The assessee, a small–scale industry recognised as such by the Director of Industries, Pondichery, set up a second unit to manufacture and bottle Indian manufactured foreign liquor (IMFL) at Pondichery. In its return for the assessment years 2003-04 and 2004-05, it claimed deduction u/s. 80-IB of the Act in respect of the profits and gains derived from the second unit. The Assessing Officer, however, rejected the plea on the issue that the process carried on by the assessee for its product, did not constitute ‘manufacture’ within the meaning of section 80-IB. He further held that setting up of the second unit was only an expansion or reconstruction of the existing unit. Aggrieved by the same, the assessee preferred an appeal before the Commissioner of Income Tax (Appeals).
In the proceedings before the Commissioner of Income Tax (Appeals), the assessee explained the process of blending as follows:
The assessee purchased rectified spirit or extra neutral alcohol (ENA) made of grain or grapes or malt to which it added demineralised water in required proportion to reduce the strength of the ENA to make various products like whiskey, brandy, rum, etc. Apart from that, other ingredients like caramel, sugar, etc., were also added as per the blending formulations. This blend was subject to filtration for required time, blend inspection and then bottling in empty bottles. The finished products were packed and sold.
The Commissioner of Income Tax (Appeals) considered the fact that the alcoholic strength of ENA which was around 95 % v/v was reduced to a maximum of 42.8 % v/v. Consequently, the Commis- sioner of Income Tax (Appeals) held that there was no manufacture or production of any new article or thing as the alcohol which was the input remained as alcohol. In the circumstances, he rejected plea for deduction u/s. 80-IB of the Act.

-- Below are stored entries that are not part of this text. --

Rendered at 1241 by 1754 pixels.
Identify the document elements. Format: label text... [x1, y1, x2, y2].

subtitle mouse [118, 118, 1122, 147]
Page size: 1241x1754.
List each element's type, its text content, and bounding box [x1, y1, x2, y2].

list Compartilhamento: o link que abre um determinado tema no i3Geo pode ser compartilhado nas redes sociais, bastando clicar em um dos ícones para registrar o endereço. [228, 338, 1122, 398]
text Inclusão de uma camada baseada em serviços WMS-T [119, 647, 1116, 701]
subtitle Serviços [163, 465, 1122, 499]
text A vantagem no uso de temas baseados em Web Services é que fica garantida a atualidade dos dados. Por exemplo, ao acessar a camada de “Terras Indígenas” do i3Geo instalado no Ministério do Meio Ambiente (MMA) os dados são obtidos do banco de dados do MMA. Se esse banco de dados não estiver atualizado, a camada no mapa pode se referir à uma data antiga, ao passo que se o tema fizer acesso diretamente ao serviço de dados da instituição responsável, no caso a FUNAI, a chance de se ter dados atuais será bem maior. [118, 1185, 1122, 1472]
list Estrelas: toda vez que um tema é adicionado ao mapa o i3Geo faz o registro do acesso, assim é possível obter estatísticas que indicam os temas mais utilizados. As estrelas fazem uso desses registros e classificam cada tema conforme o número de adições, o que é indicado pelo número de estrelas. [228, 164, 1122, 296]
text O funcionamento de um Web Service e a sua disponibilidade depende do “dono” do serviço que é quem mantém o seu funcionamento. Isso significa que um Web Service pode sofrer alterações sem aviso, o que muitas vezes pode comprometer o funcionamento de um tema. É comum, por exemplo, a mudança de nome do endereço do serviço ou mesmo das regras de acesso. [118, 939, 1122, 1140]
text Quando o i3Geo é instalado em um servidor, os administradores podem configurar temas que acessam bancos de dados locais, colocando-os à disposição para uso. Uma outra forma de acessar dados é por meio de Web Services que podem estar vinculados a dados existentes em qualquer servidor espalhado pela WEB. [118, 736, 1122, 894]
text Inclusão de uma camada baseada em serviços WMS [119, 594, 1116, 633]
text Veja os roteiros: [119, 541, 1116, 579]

On further appeal before the Tribunal, the assessee reiterated the contentions as regards the process undertaken to result in a totally different marketable commodity. Considering the entirety of the issue and applying the decision of the Allahabad High Court in the case of CIT vs. Rampur Distilleries and Chemicals Co. Ltd., reported in [2005] 277 ITR 416 (All), the Tribunal held that the rectified spirit is not mentioned in the first item of the Eleventh Schedule ‘beer, wine and other alcoholic spirits’ and, consequently, the assessee as a small-scale industrial unit was entitled to deduction u/s. 80-IB of the Act.

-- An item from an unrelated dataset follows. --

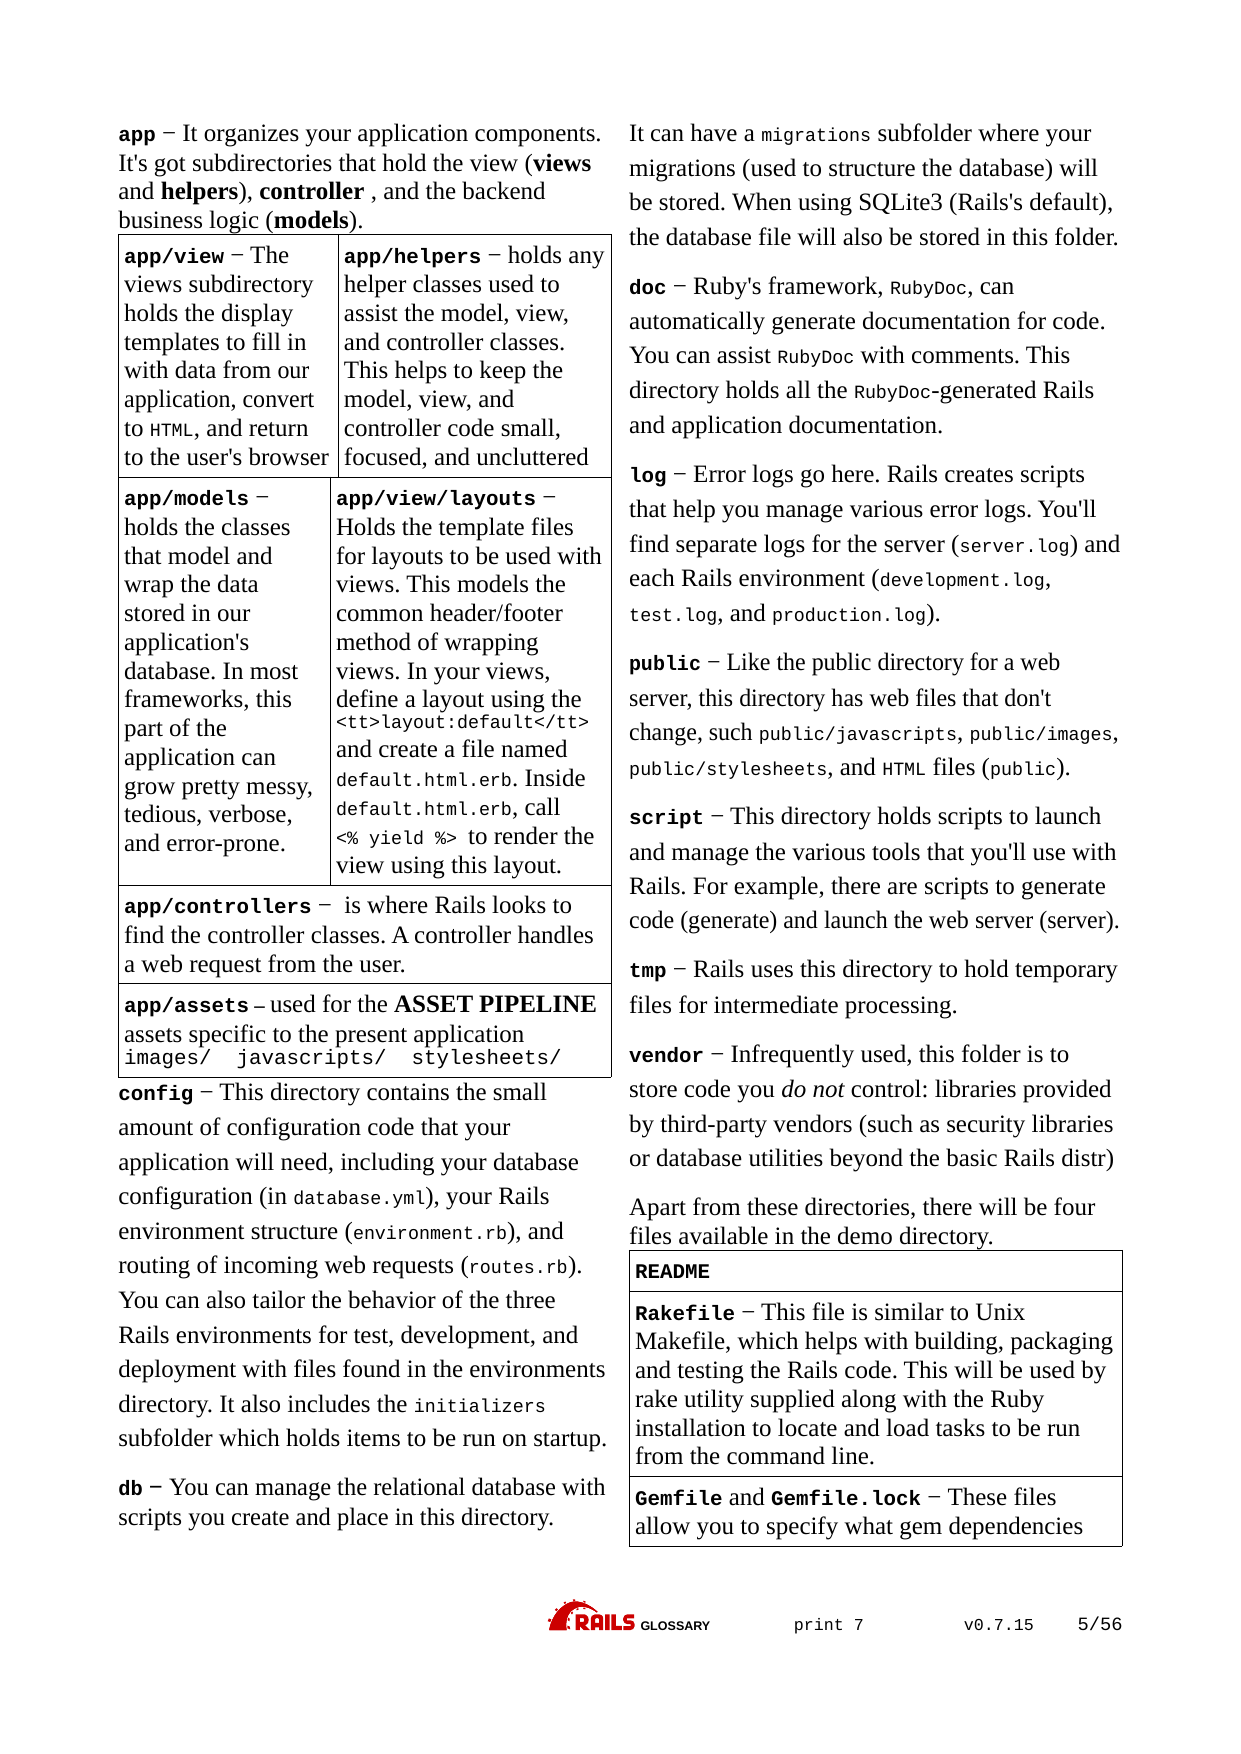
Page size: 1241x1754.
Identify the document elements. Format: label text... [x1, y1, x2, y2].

On appeal by the Revenue before the High Court, it was held that a perusal of section 80-IB showed that a deduction under the said provision is available only where the assessee engages in the manufacture or production of an article or thing, not being an article or thing as specified in the list in the Eleventh Schedule or operates one or more cold storage plant or plants in any part of India. The proviso to sub-clause (iii) of s/s. (2) of section 80-IB of the Act showed that the condition with reference to the list in the Eleventh Schedule did not apply at all to the case of an industry being a small scale undertaking or an undertaking referred to in s/s. (4). The industry run by the assessee was admittedly a small-scale industry, reference to the Eleventh Schedule for the purpose of consideration of the claim u/s. 80-IB of the Act did not arise.
As regards the second issue as to whether the assessee had engaged itself in the manufacturing or producing of an article or thing by the act of blending, the High Court observed that (i) the assessee did not just add water and sell the final product, apart from water, the assessee had to add several items to make it fit for human consumption; (ii) the assessee was not a manufacturer of ENA which was the basic raw material required for making various IMFL products; (iii) it was mixing water and other ingredients with ENA formulations; (iv) the alcoholic strength of the ENA which was around 95 % v/v was reduced to a maximum of 42/8 % v/v in respect of the final marketable commodity, namely, whiskey, brandy, rum, vodka and gin; (v) the blending was subject to filtration for required time and thereafter only, the final product was sold. On the face of the facts stated above, the High Court opined that it was not possible for it to accept that the blending should not be treated as a manufacturing activity u/s. 80-IB of the Act.
The Supreme Court dismissed the civil appeal filed by the Revenue holding that there was no infirmity in the impugned judgment of the high Court.